What Is Gilbert’s Syndrome?
Gilbert’s Syndrome is a mild liver condition in which the liver doesn’t process a substance called bilirubin properly. Bilirubin is a yellow pigment that’s produced when red blood cells break down. In people with Gilbert’s Syndrome, bilirubin levels in the blood can become slightly elevated, which may cause occasional yellowing of the skin or eyes (jaundice). The condition is harmless and usually doesn’t require treatment.
What Causes Gilbert’s Syndrome?
Gilbert’s Syndrome is caused by a genetic mutation in a gene that helps the liver break down bilirubin. The mutation reduces the liver’s ability to process bilirubin efficiently, causing it to build up in the blood.
Key points:
- It’s inherited (runs in families)
- Caused by mutations in the UGT1A1 gene
- Not caused by liver damage or disease
- Usually discovered in late teens or early adulthood
Symptoms of Gilbert’s Syndrome
Most people with Gilbert’s Syndrome have no symptoms. However, some may experience:
- Mild jaundice (yellowing of the eyes and/or skin)
- Fatigue
- Mild abdominal discomfort
- Nausea (occasionally)
These symptoms may come and go, especially during times of:
- Illness
- Fasting or skipping meals
- Stress
- Dehydration
- Overexertion
- Menstruation
How Is Gilbert’s Syndrome Diagnosed?
Diagnosis is usually made through routine blood tests or when investigating unexplained jaundice.
Common tests include:
- Liver function tests – Bilirubin levels may be slightly elevated, but other liver enzymes are normal
- Genetic testing – Can confirm the UGT1A1 gene mutation
- Complete blood count (CBC) – To rule out other causes of jaundice
- No liver damage is typically found in imaging or tests
Doctors may repeat blood tests under fasting conditions to confirm the diagnosis.

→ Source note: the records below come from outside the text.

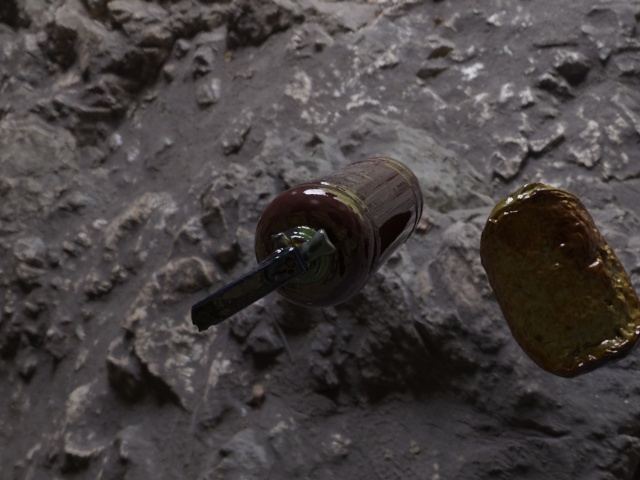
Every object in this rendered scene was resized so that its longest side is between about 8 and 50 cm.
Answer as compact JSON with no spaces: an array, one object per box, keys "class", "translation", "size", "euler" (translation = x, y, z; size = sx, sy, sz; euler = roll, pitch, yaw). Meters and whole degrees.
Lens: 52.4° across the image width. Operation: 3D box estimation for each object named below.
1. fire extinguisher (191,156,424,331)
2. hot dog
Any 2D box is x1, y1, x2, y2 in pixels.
[{"class":"fire extinguisher","translation":[0.000,0.000,0.578],"size":[0.138,0.102,0.344],"euler":[-28,3,23]},{"class":"hot dog","translation":[0.324,0.049,0.896],"size":[0.175,0.114,0.259],"euler":[-25,82,14]}]
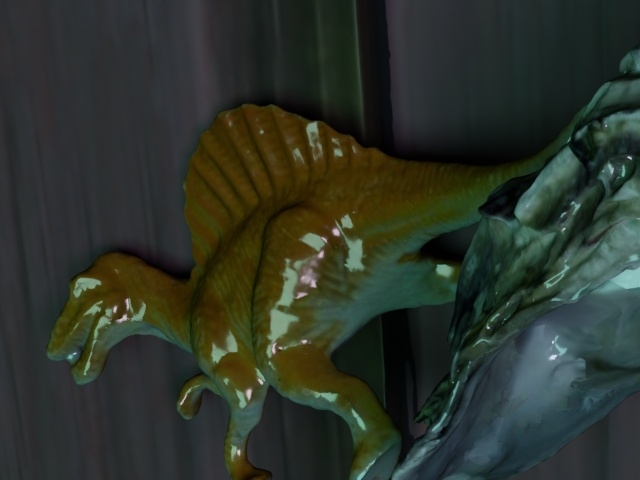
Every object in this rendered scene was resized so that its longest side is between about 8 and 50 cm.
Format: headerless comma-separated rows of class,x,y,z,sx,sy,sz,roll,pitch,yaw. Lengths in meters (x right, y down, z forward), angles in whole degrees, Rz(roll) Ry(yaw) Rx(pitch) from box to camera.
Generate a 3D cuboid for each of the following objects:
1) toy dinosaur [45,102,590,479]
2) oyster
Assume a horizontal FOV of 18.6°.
toy dinosaur,0.000,0.001,0.638,0.142,0.057,0.212,45,118,24
oyster,0.102,-0.015,0.498,0.252,0.199,0.087,85,159,-57
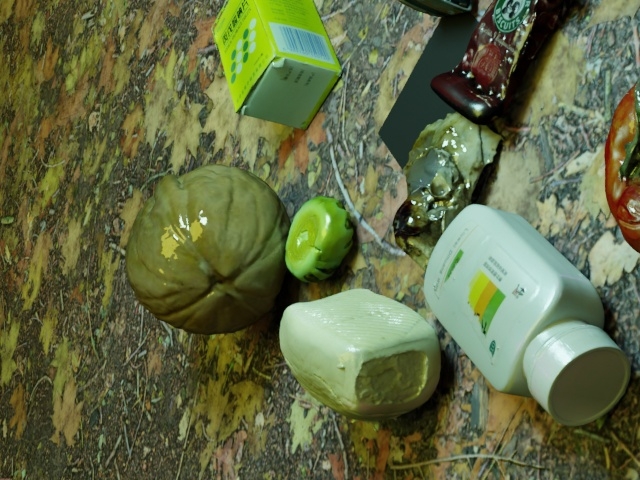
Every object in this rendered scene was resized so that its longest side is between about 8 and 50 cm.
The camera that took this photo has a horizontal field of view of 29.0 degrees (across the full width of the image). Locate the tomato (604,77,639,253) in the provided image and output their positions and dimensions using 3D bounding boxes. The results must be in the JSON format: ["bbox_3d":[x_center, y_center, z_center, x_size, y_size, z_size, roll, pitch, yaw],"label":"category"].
[{"bbox_3d":[0.369,-0.090,1.296,0.228,0.101,0.228,-28,57,56],"label":"tomato"}]

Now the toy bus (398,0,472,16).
[{"bbox_3d":[0.169,-0.409,1.748,0.103,0.091,0.182,-11,66,59],"label":"toy bus"}]

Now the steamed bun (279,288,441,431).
[{"bbox_3d":[0.051,0.166,1.677,0.238,0.169,0.153,24,119,59],"label":"steamed bun"}]

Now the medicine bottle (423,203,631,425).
[{"bbox_3d":[0.235,0.087,1.441,0.161,0.111,0.296,-64,34,21],"label":"medicine bottle"}]

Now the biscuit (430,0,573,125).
[{"bbox_3d":[0.241,-0.266,1.606,0.235,0.063,0.151,-62,34,20],"label":"biscuit"}]

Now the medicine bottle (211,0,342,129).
[{"bbox_3d":[-0.077,-0.325,2.090,0.137,0.141,0.250,-58,35,36],"label":"medicine bottle"}]

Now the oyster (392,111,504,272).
[{"bbox_3d":[0.154,-0.065,1.646,0.161,0.107,0.233,-28,54,60],"label":"oyster"}]

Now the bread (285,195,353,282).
[{"bbox_3d":[0.000,0.000,1.902,0.130,0.071,0.139,39,112,54],"label":"bread"}]

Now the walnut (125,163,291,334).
[{"bbox_3d":[-0.184,0.010,2.030,0.313,0.251,0.277,-114,44,-63],"label":"walnut"}]

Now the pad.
[{"bbox_3d":[0.165,-0.212,1.771,0.243,0.004,0.164,-61,34,26],"label":"pad"}]
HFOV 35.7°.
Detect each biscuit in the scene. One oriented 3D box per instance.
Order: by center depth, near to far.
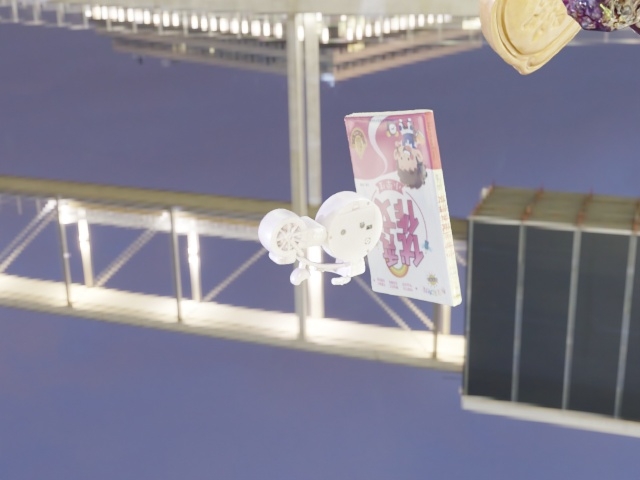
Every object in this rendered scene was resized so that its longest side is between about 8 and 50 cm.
[{"bbox_3d":[0.169,-0.181,0.726,0.023,0.118,0.140,47,-163,29],"label":"biscuit"}]

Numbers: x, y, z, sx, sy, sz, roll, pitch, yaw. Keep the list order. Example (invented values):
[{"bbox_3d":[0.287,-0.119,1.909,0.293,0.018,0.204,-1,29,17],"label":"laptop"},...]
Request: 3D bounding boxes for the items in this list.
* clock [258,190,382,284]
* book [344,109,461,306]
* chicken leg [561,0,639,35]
[{"bbox_3d":[0.000,0.000,0.950,0.129,0.087,0.041,-8,-155,-33],"label":"clock"},{"bbox_3d":[0.098,-0.041,1.204,0.022,0.232,0.162,-16,-167,-30],"label":"book"},{"bbox_3d":[0.151,-0.079,0.352,0.093,0.053,0.205,31,-159,18],"label":"chicken leg"}]
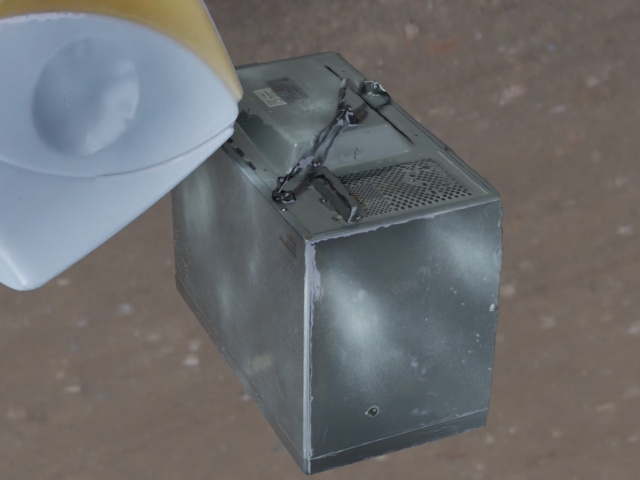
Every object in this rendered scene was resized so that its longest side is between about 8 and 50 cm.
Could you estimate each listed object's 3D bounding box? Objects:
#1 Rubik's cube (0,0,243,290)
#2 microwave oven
[{"bbox_3d":[-0.336,-0.201,1.584,0.352,0.351,0.347,-43,133,-20],"label":"Rubik's cube"},{"bbox_3d":[0.000,0.000,1.747,0.236,0.432,0.374,-14,124,-21],"label":"microwave oven"}]
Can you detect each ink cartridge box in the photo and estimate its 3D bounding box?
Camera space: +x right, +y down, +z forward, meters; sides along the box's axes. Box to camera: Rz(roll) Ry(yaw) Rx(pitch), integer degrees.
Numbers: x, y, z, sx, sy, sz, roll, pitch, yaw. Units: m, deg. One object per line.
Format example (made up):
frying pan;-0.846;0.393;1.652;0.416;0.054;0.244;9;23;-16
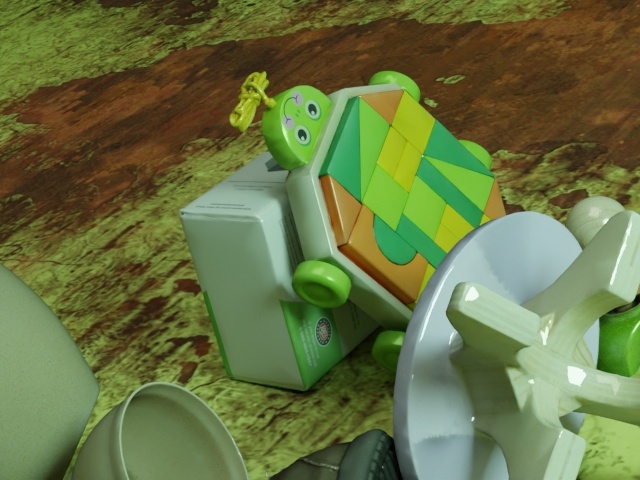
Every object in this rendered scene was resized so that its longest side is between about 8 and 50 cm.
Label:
ink cartridge box;0.000;0.000;1.642;0.114;0.198;0.273;4;29;38

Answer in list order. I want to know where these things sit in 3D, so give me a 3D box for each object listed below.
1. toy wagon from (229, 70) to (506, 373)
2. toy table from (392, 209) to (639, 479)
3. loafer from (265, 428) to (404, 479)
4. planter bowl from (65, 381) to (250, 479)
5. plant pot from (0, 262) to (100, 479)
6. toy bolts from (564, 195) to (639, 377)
toy wagon;0.054;-0.044;1.545;0.068;0.344;0.267;-18;41;44
toy table;0.175;0.098;1.249;0.252;0.274;0.161;15;-14;-24
loafer;-0.022;0.283;1.179;0.130;0.134;0.366;-15;19;23
planter bowl;-0.150;0.217;1.341;0.109;0.162;0.162;-31;16;28
plant pot;-0.313;0.157;1.431;0.191;0.284;0.284;23;27;-6
toy bolts;0.189;0.059;1.454;0.228;0.158;0.218;-33;21;-24
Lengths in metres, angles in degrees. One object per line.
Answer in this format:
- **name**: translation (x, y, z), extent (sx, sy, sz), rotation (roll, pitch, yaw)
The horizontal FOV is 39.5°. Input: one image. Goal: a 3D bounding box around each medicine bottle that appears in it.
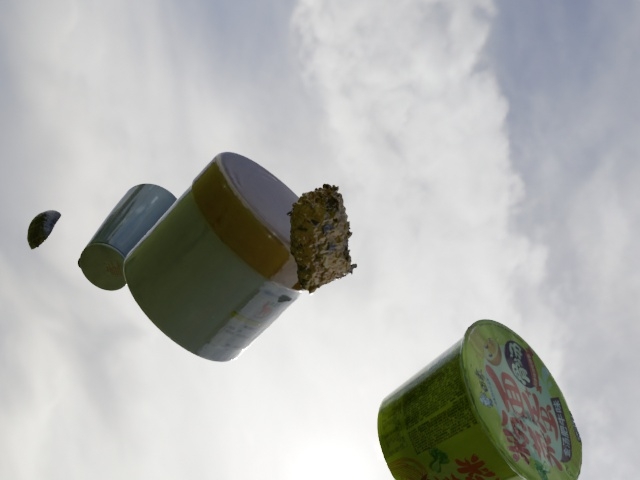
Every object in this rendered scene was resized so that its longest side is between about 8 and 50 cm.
- **medicine bottle**: translation (-0.135, 0.026, 1.340), extent (0.232, 0.238, 0.238), rotation (-46, -125, 17)

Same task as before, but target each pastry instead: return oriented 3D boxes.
- **pastry**: translation (0.000, 0.000, 1.095), extent (0.056, 0.080, 0.140), rotation (-108, -177, -54)

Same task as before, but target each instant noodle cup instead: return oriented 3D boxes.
- **instant noodle cup**: translation (0.254, 0.312, 1.482), extent (0.221, 0.311, 0.311), rotation (-35, -114, 32)

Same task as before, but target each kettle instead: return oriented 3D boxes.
- **kettle**: translation (-0.380, 0.002, 1.902), extent (0.211, 0.243, 0.159), rotation (2, -60, 16)

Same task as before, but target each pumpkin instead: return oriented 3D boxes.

Is Gilbert’s Syndrome Dangerous?
No. Gilbert’s Syndrome is benign and harmless. It does not cause liver damage, complications, or long-term health issues. Most people live completely normal lives with it.
Does Gilbert’s Syndrome Need Treatment?
No treatment is usually necessary. In fact, most people never need medical intervention. The condition is managed with lifestyle awareness, such as:
- Staying well-hydrated
- Eating regular meals
- Managing stress
- Avoiding fasting or crash diets
- Getting enough rest
Can Gilbert’s Syndrome Affect Medications?
In rare cases, people with Gilbert’s Syndrome may process certain medications more slowly. This may affect how some drugs work or increase side effects.
Drugs that may need caution include:
- Irinotecan (used in cancer treatment)
- Some HIV medications
- Certain statins (cholesterol-lowering drugs)
Always inform your doctor or pharmacist if you have Gilbert’s Syndrome before starting a new medication.
Who Is at Risk?
Gilbert’s Syndrome affects:
- About 3% to 10% of people worldwide
- Males more often than females
- People with a family history of the condition
It’s usually discovered in adolescence or young adulthood.
Living with Gilbert’s Syndrome
For most, it has little or no impact on daily life. Things that can help include:
- Eating balanced meals regularly
- Staying hydrated
- Avoiding extreme physical stress or fasting
- Managing stress and anxiety
- Telling your healthcare provider about the condition
Jaundice may still occur from time to time, especially during illness or stress, but it usually resolves on its own.